▸ SOURCE DATA
•••••

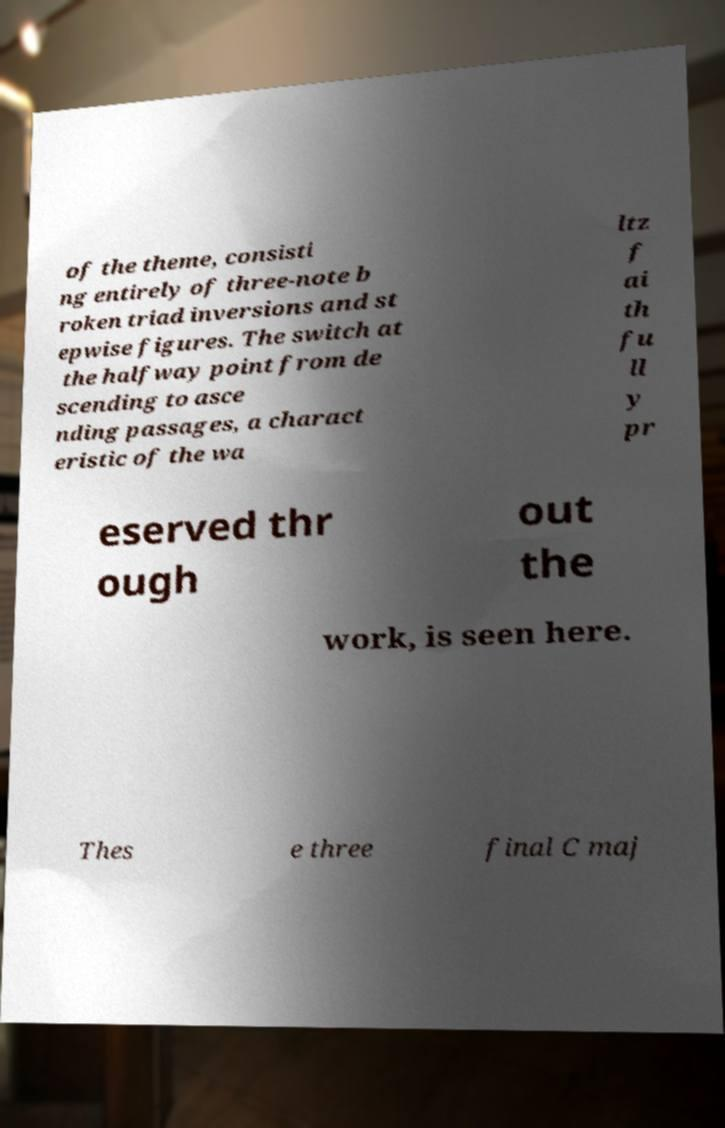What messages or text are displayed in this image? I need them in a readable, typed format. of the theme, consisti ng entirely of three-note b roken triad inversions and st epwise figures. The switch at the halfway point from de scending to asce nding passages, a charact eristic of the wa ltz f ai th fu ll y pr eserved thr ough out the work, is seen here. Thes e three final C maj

•••••

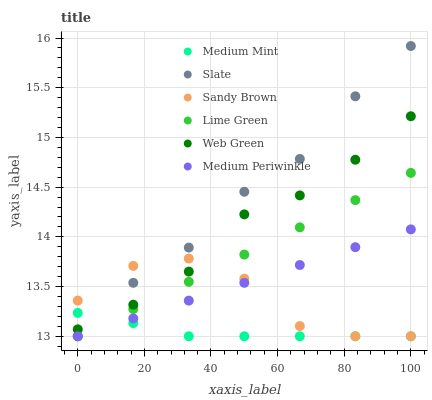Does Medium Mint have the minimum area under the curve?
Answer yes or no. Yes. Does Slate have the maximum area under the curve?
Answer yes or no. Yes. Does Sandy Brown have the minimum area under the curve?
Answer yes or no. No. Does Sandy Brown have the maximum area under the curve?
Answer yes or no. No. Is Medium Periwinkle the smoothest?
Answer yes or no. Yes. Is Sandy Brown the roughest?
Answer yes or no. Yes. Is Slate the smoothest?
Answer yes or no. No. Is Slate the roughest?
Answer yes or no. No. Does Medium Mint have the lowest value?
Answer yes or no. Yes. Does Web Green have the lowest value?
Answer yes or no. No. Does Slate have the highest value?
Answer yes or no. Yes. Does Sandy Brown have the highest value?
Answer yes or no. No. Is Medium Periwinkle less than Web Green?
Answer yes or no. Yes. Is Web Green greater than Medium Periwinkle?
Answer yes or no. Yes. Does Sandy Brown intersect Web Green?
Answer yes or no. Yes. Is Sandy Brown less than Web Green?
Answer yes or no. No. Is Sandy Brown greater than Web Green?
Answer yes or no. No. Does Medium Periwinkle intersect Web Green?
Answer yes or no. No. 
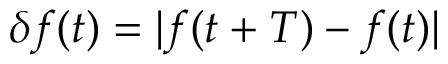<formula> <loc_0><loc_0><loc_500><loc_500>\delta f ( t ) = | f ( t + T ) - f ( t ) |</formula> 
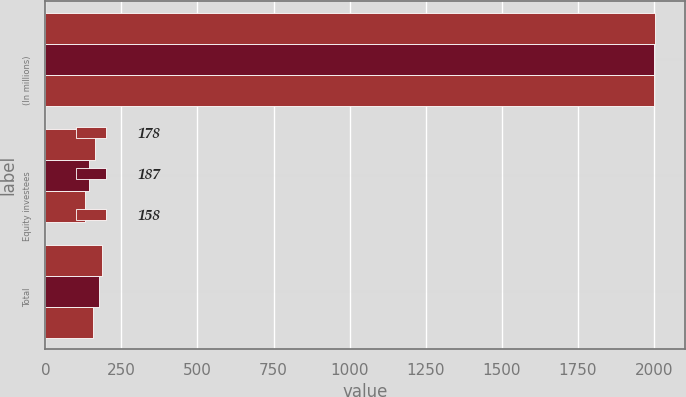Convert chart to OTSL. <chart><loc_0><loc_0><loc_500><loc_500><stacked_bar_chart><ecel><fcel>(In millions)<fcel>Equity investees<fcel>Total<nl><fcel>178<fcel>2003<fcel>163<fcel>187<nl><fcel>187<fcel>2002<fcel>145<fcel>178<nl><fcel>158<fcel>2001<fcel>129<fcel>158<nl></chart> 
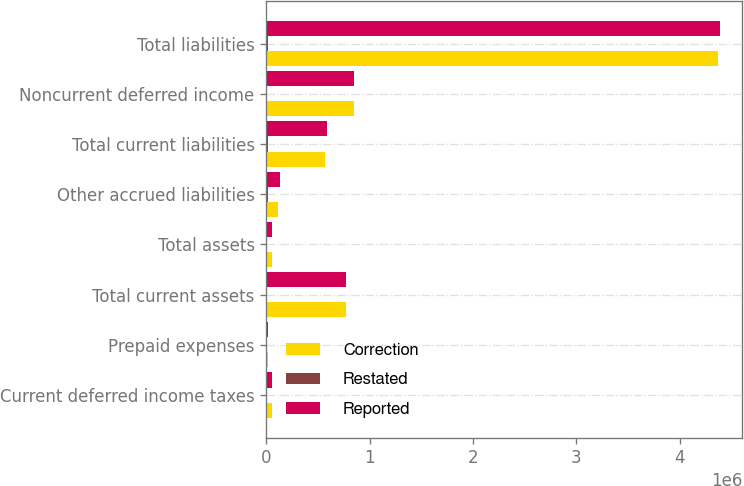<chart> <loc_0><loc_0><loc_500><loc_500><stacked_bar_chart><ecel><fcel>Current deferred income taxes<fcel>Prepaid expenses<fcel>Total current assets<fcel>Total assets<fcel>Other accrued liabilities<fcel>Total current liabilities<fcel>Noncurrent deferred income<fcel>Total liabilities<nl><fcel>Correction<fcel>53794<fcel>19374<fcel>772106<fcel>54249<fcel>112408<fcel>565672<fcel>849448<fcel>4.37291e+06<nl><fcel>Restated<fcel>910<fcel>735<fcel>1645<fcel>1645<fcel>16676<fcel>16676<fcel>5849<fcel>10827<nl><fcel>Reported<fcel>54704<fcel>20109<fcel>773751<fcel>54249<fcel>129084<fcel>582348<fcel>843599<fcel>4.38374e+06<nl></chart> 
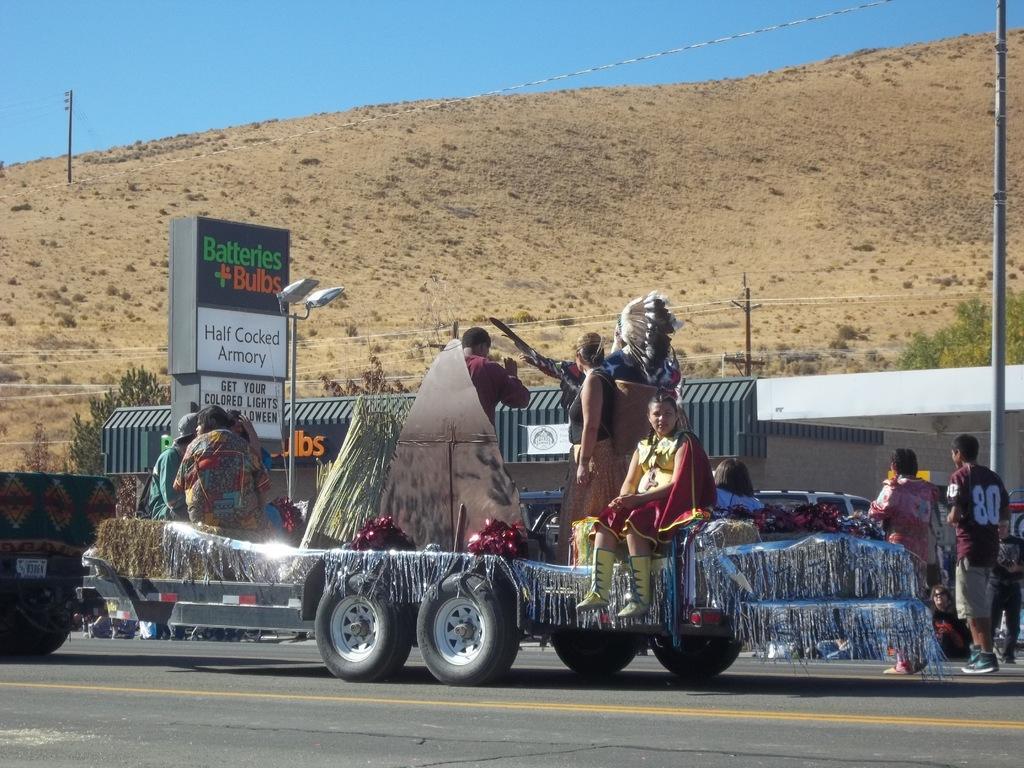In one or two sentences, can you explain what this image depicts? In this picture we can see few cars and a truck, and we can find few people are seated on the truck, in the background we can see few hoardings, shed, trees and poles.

•••••

▸ WHAT NEEDS TO BE DONE
In the material above, the stretch from the line with "Answer yes or no. Yes. Does Web" through the line with "Convert chart to" is to be given again exactly, minus the pictures.

▸ WRITTEN RESPONSE
Answer yes or no. Yes. Does Web Green have the lowest value?
Answer yes or no. No. Does Slate have the highest value?
Answer yes or no. Yes. Does Sandy Brown have the highest value?
Answer yes or no. No. Is Medium Periwinkle less than Web Green?
Answer yes or no. Yes. Is Web Green greater than Medium Periwinkle?
Answer yes or no. Yes. Does Sandy Brown intersect Web Green?
Answer yes or no. Yes. Is Sandy Brown less than Web Green?
Answer yes or no. No. Is Sandy Brown greater than Web Green?
Answer yes or no. No. Does Medium Periwinkle intersect Web Green?
Answer yes or no. No. 
<formula> <loc_0><loc_0><loc_500><loc_500>\delta f ( t ) = | f ( t + T ) - f ( t ) |</formula> 
Convert chart to OTSL. <chart><loc_0><loc_0><loc_500><loc_500><stacked_bar_chart><ecel><fcel>(In millions)<fcel>Equity investees<fcel>Total<nl><fcel>178<fcel>2003<fcel>163<fcel>187<nl><fcel>187<fcel>2002<fcel>145<fcel>178<nl><fcel>158<fcel>2001<fcel>129<fcel>158<nl></chart> 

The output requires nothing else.